2 Execution site(s)
Lidia Y., born in 1928: “Y.U -And before the war, were there a lot of Jews here in Kadino?
W.-A lot, a lot. Because before the war we had one Jewish kolkhoz. We had a lot of Jews here before the war. I cannot tell you how many people there were, but I can tell you there were a lot. And you know what, we were living as one with the Jews. […]
Y.U - Did the Jewish children go to school with you? Or separately?
W.-Separately. And when the children grew up, 5th, 6th grade, they would go to a Russian school and we would study all together. We would all go to school and study together. For us there was no difference, Russian or Jewish, we were living side by side, working together, and when the Germans came we were working as one. Russians and Jews we were working together. We made no distinction, Jew or no Jew, we were together. We had a teacher at school, she was Jewish, and a brother, he was also Jewish, we made no distinction.
Y.U -Did the Jews have their church, their synagogue?
W.-They did have their synagogue. It was separate, down over there. The old people would go there to celebrate.” (Witness n°905, interviewed in Kadino, on August 20th 2019)
Kadino is located 80km (50 miles) southwest of Smolensk, close to the border with Belarus. It was created as a Jewish agricultural settlement. In 1832, 1,335 Jews lived in the village making up 27% of the total population. The Jewish children had their own Yiddish school, but in 1930s it was transformed into a Russian school where Jewish and non-Jewish children studied together. The majority of Jews lived off agriculture. In 1936 a Jewish kolkhoz named ‘May 1st’ was created. Some of the Jews were merchants or artisans, such as tailors or shoemakers.
Kadino was occupied by the Germans in July 1941. Before the occupation, many Jewish refugees arrived in Kadino from Belarus. Shortly after their arrival, all the remaining Jews were rounded-up and placed in a fenced enclosure, a sort of ghetto. From there, they were taken to perform different kinds of forced labor. According to a local villager, they worked together with Russians and weren’t guarded while working.

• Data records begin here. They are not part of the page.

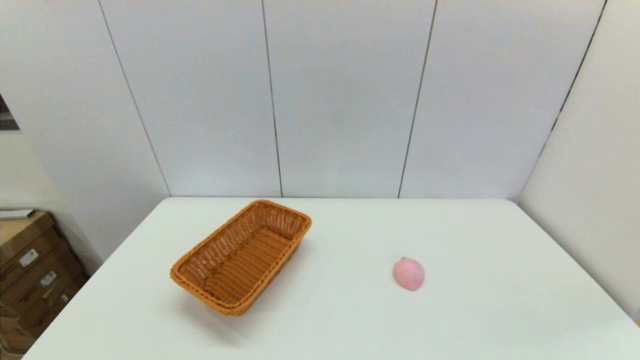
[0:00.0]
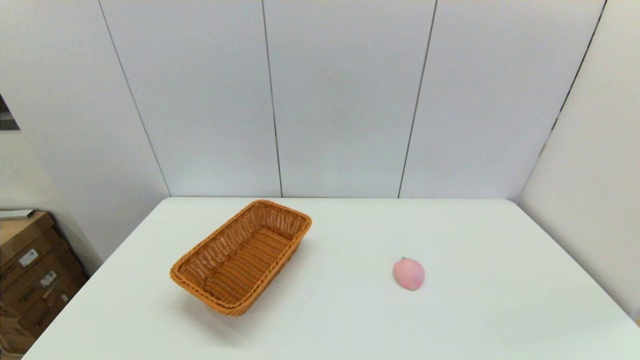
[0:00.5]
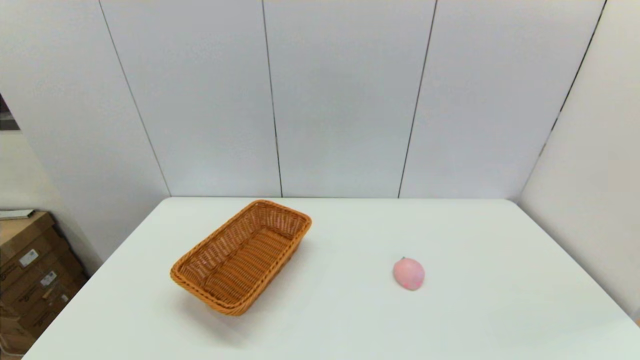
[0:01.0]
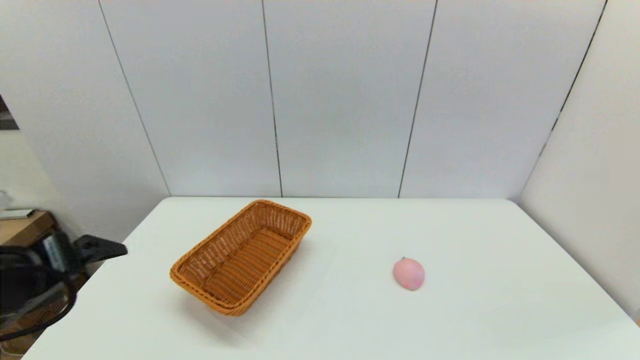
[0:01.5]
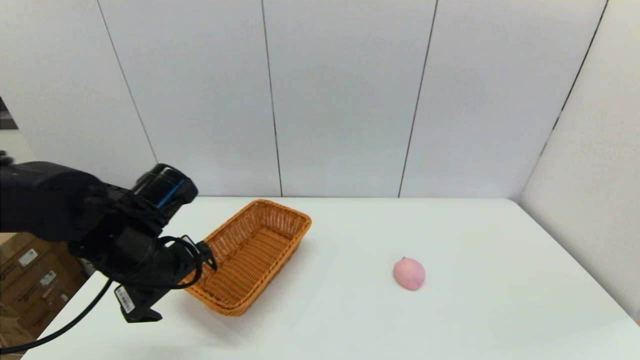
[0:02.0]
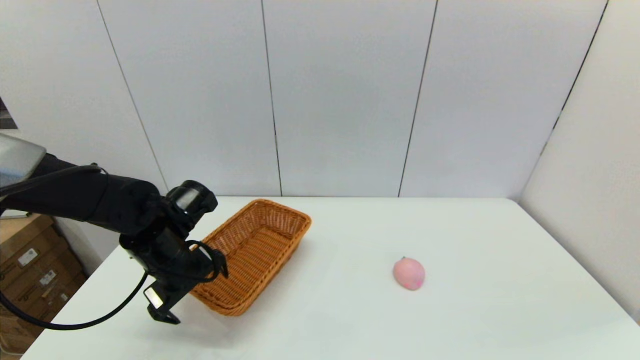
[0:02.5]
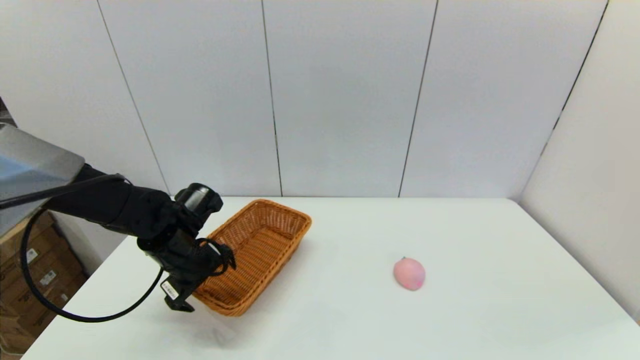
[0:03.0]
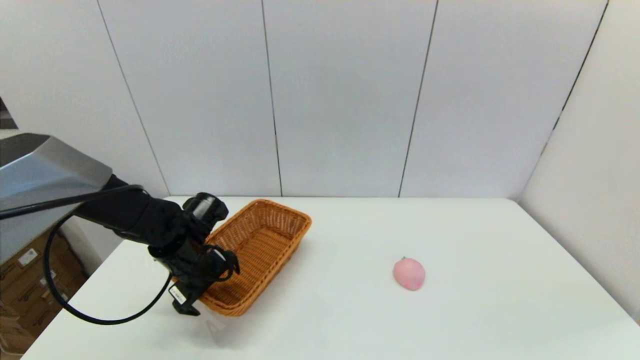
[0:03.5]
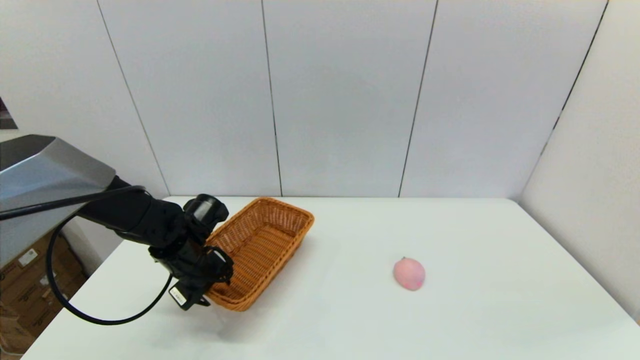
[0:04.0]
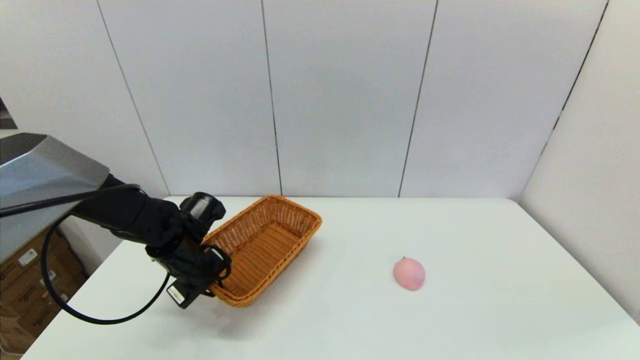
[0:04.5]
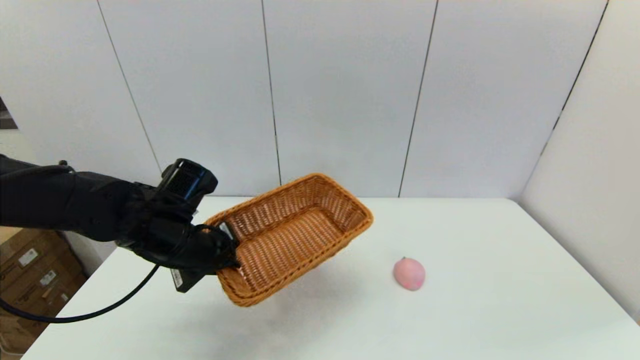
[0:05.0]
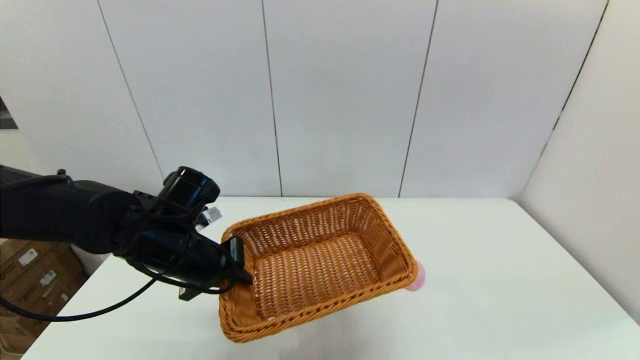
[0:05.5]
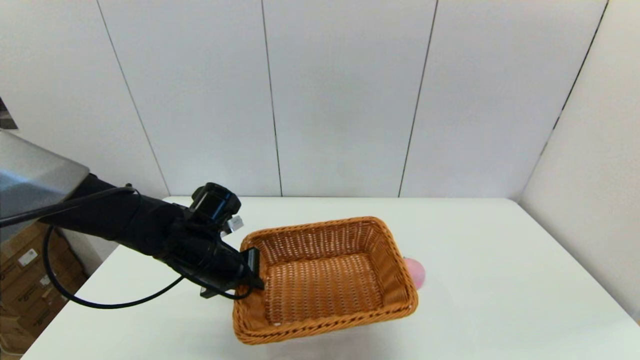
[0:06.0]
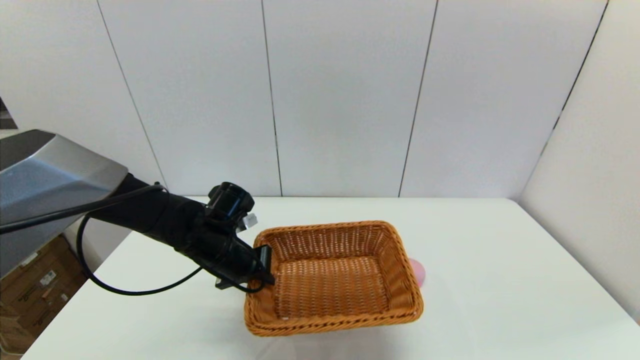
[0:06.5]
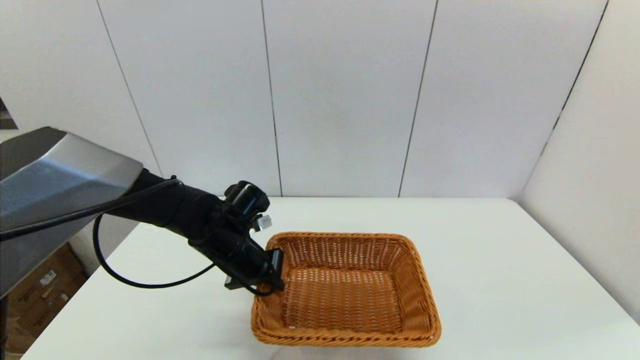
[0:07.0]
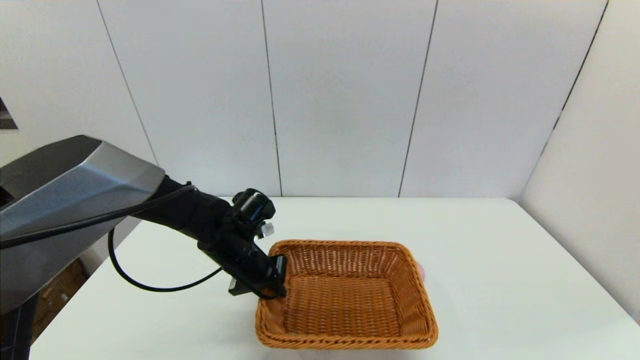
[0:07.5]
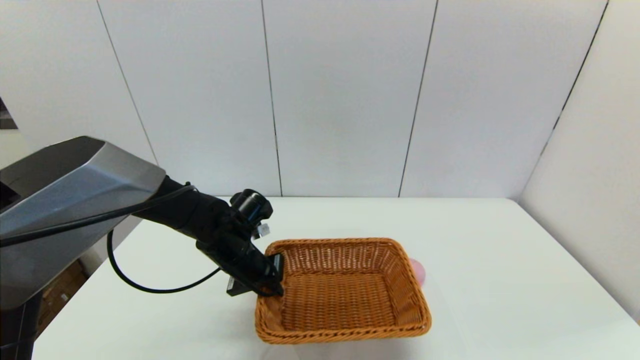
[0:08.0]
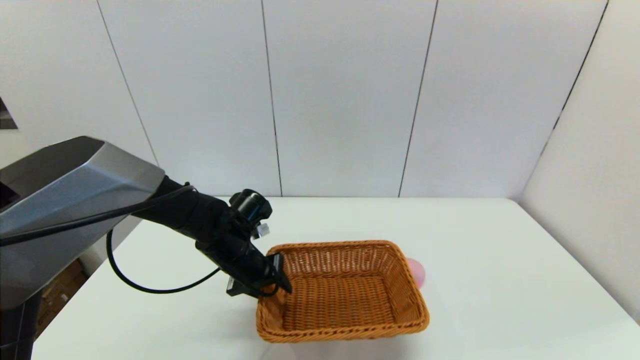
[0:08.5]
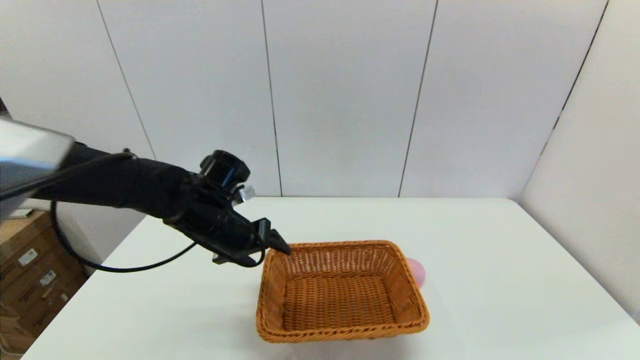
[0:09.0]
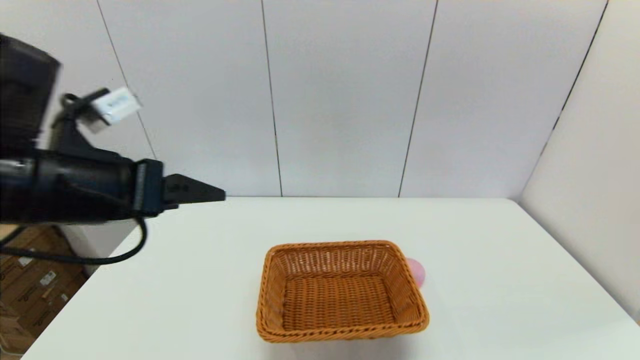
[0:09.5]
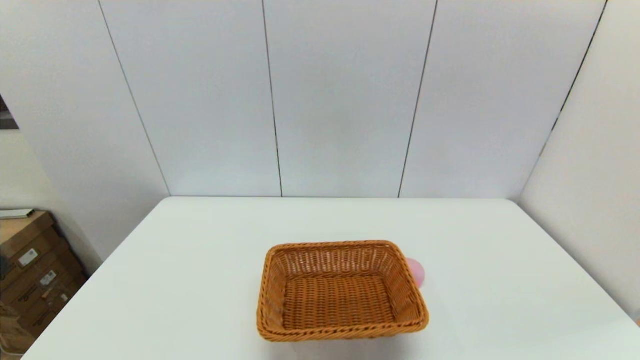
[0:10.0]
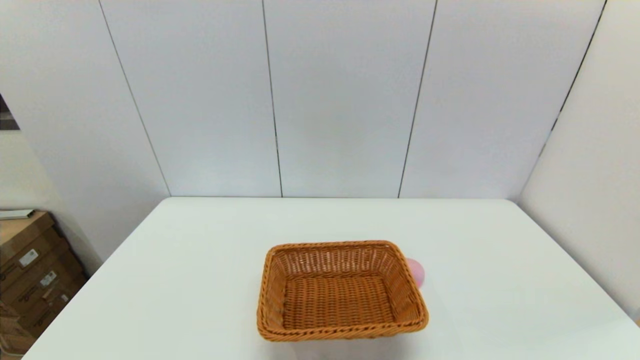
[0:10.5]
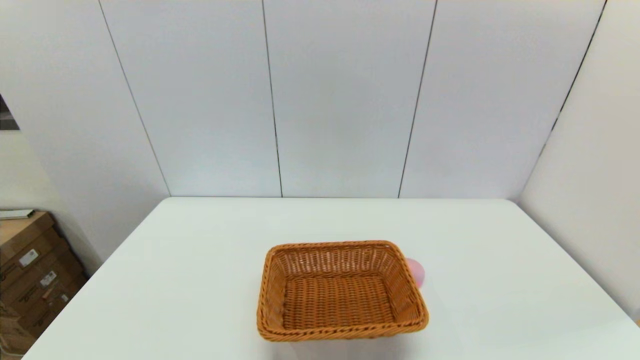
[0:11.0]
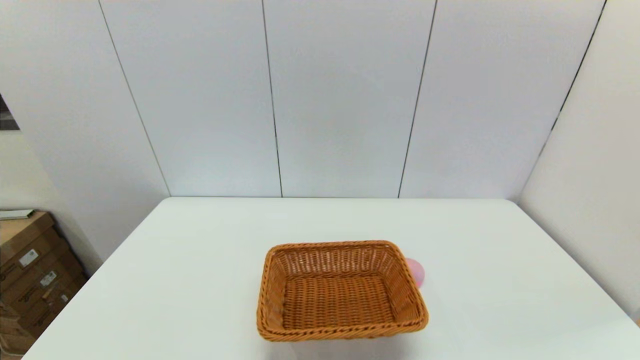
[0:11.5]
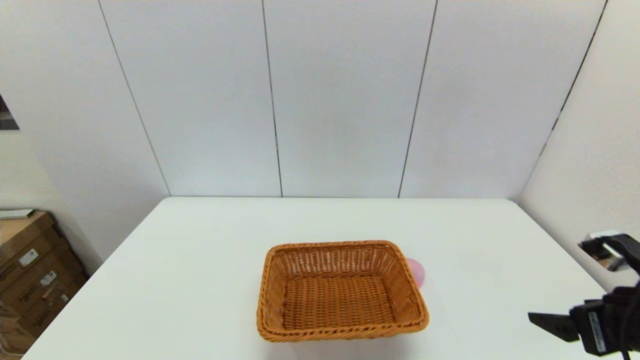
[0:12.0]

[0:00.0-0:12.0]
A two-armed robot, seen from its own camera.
Step, 0:00.0 to 0:04.0: Grasp the light basket with the left gripper.
Step, 0:04.5 to 0:08.5: Place the light basket on the middle of the table with the left gripper.
0:00.0 to 0:02.0: The left gripper moves forward, about 25 cm.
0:02.0 to 0:04.0: The left gripper goes about 10 cm downward and forward, and closes.
0:04.0 to 0:06.0: The left gripper closes.
0:06.0 to 0:08.0: The left gripper changes place by about 5 cm.
0:08.0 to 0:10.0: The left gripper travels backward, upward and to the left by roughly 40 cm, and opens its fingers.
0:10.0 to 0:12.0: The right gripper shifts about 20 cm forward.

The Jewish community of Kadino was exterminated in two mass Aktions conducted in the autumn of 1941. The first execution was conducted on October 10th 1941. According to the historian I. Tsyman, it took place in November 1941. During this shooting, 300 Jews were rounded-up and shot at the Jewish cemetery. Prior to this mass shooting, about 20 elderly Jews unfit to work had been killed. Even though the inscriptions on the memorials say they were murdered later, on October 14th 1941, the majority of historians agree that it had occurred before the main execution.